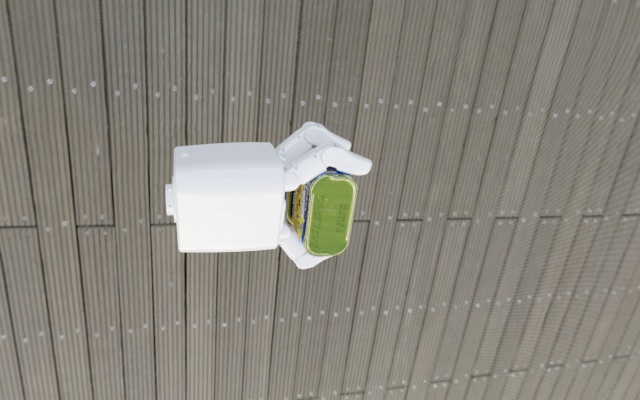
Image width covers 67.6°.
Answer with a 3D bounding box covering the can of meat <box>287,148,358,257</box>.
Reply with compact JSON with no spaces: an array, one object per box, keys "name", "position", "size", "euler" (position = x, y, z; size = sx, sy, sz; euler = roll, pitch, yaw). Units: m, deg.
[{"name":"can of meat","position":[0.000,0.002,0.540],"size":[0.057,0.102,0.084],"euler":[0,24,-16]}]
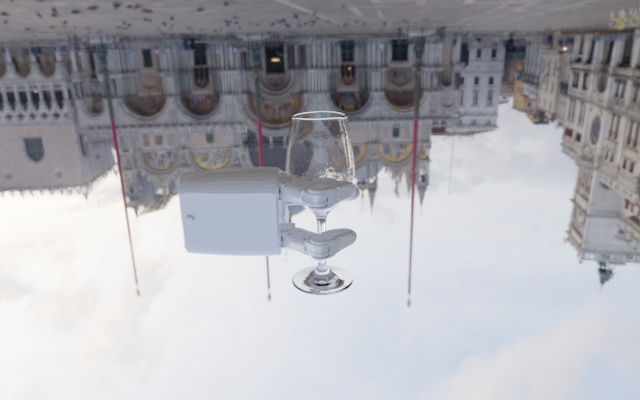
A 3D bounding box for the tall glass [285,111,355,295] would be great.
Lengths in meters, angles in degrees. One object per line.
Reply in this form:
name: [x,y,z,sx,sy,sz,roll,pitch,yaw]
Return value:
tall glass: [0.000,0.002,0.548,0.079,0.201,0.079,-1,18,0]
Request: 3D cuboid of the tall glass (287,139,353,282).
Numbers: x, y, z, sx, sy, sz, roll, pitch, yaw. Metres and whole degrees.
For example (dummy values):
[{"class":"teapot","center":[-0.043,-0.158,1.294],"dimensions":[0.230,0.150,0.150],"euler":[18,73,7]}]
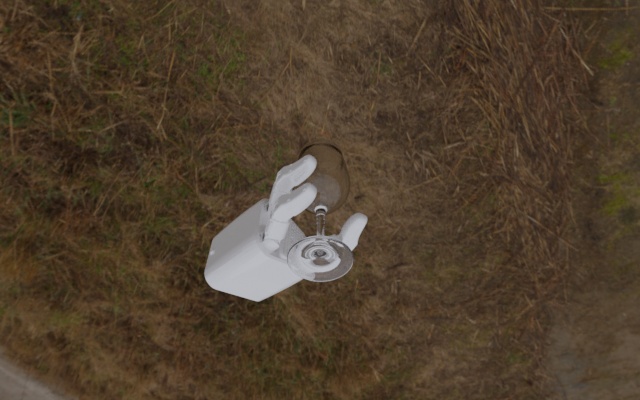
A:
[{"class":"tall glass","center":[0.000,0.002,0.605],"dimensions":[0.079,0.079,0.200],"euler":[0,41,1]}]

****************************************

▶ PROBLEM DESCRIPTION
With the images omitted, return the full material exactly.

▶ WRITTEN RESPONSE
Image width covers 67.6°.
Answer with a 3D bounding box covering the can of meat <box>287,148,358,257</box>.
Reply with compact JSON with no spaces: an array, one object per box, keys "name", "position", "size", "euler" (position = x, y, z; size = sx, sy, sz; euler = roll, pitch, yaw). Units: m, deg.
[{"name":"can of meat","position":[0.000,0.002,0.540],"size":[0.057,0.102,0.084],"euler":[0,24,-16]}]
A 3D bounding box for the tall glass [285,111,355,295] would be great.
Lengths in meters, angles in degrees. One object per line.
Reply in this form:
name: [x,y,z,sx,sy,sz,roll,pitch,yaw]
Return value:
tall glass: [0.000,0.002,0.548,0.079,0.201,0.079,-1,18,0]
Request: 3D cuboid of the tall glass (287,139,353,282).
Numbers: x, y, z, sx, sy, sz, roll, pitch, yaw. Metres and whole degrees.
For example (dummy values):
[{"class":"teapot","center":[-0.043,-0.158,1.294],"dimensions":[0.230,0.150,0.150],"euler":[18,73,7]}]
A:
[{"class":"tall glass","center":[0.000,0.002,0.605],"dimensions":[0.079,0.079,0.200],"euler":[0,41,1]}]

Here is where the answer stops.